• _Task goal_
Please repeat exactly the lines below from the one containing "#2 car [258,200,260,205]" down to the one containing "An invented example", both included, and nothing else.

• _The data_
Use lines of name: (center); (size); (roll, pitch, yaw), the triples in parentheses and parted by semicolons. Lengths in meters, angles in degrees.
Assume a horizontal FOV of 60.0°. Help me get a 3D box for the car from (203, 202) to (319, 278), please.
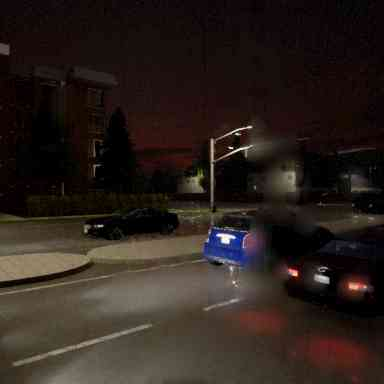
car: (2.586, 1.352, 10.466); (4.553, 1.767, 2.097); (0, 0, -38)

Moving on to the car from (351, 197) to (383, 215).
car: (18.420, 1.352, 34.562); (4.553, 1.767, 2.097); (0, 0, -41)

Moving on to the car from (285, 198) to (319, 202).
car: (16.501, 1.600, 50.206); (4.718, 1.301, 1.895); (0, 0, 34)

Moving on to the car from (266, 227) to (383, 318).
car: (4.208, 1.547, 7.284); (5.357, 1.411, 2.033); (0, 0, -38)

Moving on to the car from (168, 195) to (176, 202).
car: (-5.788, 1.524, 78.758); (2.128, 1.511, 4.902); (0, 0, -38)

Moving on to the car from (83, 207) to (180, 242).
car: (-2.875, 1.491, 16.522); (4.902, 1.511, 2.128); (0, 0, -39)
==
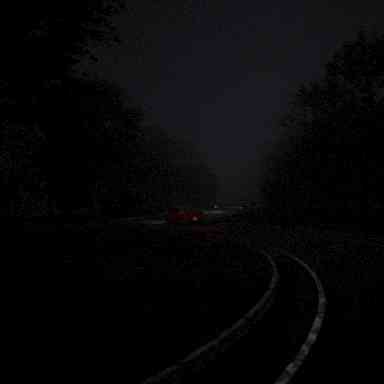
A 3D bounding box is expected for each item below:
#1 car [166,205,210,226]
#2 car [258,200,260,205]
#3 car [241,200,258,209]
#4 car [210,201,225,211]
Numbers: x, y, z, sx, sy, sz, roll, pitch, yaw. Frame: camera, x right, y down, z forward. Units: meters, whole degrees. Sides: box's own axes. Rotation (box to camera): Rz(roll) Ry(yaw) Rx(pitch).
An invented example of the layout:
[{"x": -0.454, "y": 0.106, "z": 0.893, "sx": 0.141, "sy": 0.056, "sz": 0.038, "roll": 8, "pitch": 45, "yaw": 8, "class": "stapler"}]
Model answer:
* * *
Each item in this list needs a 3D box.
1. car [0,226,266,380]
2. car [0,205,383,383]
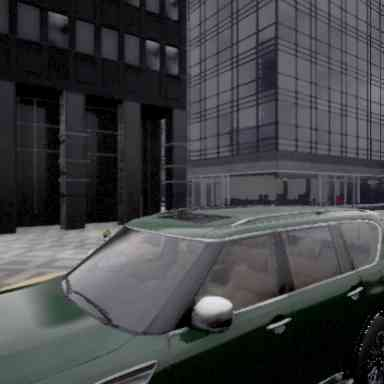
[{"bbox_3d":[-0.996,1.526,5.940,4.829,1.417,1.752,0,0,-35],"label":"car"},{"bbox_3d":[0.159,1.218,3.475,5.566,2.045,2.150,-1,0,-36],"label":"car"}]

• _Task solution_
#2 car [258,200,260,205]
#3 car [241,200,258,209]
#4 car [210,201,225,211]
Numbers: x, y, z, sx, sy, sz, roll, pitch, yaw. Frame: camera, x right, y down, z forward. Units: meters, whole degrees. Sides: box's own axes. Rotation (box to camera): Rz(roll) Ry(yaw) Rx(pitch).
An invented example of the layout:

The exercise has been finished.